» **Instructions to follow**
Print out the data that follows exactly, character for character, apart from the pictures.

» **Dataset extract**
++++
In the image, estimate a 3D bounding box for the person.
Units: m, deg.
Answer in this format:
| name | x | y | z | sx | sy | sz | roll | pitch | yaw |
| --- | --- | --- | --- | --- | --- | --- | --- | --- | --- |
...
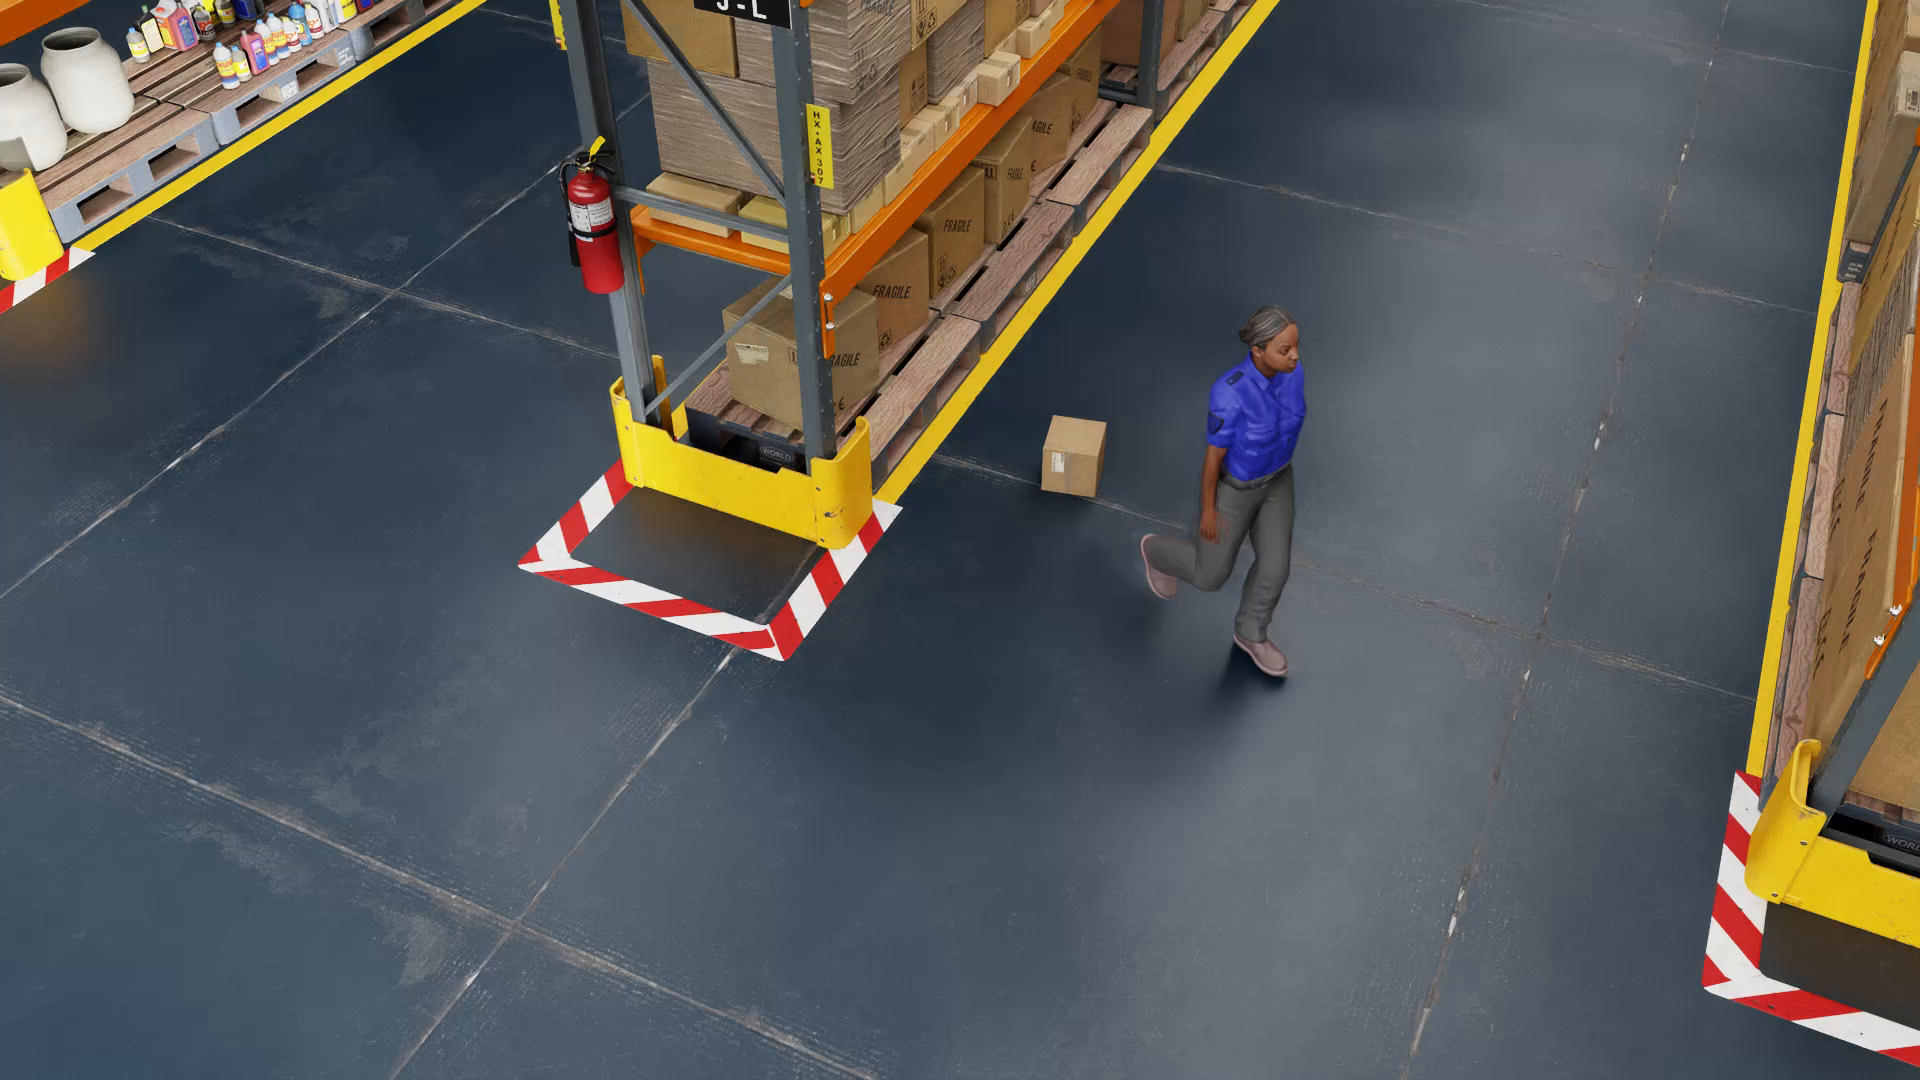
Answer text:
| name | x | y | z | sx | sy | sz | roll | pitch | yaw |
| --- | --- | --- | --- | --- | --- | --- | --- | --- | --- |
| person | 1.066 | -0.237 | 6.403 | 0.448 | 1.626 | 0.753 | -23 | 47 | -24 |
++++
» **Answer to this problem**
In the image, estimate a 3D bounding box for the person.
Units: m, deg.
Answer in this format:
| name | x | y | z | sx | sy | sz | roll | pitch | yaw |
| --- | --- | --- | --- | --- | --- | --- | --- | --- | --- |
...
Answer text:
| name | x | y | z | sx | sy | sz | roll | pitch | yaw |
| --- | --- | --- | --- | --- | --- | --- | --- | --- | --- |
| person | 1.066 | -0.237 | 6.403 | 0.448 | 1.626 | 0.753 | -23 | 47 | -24 |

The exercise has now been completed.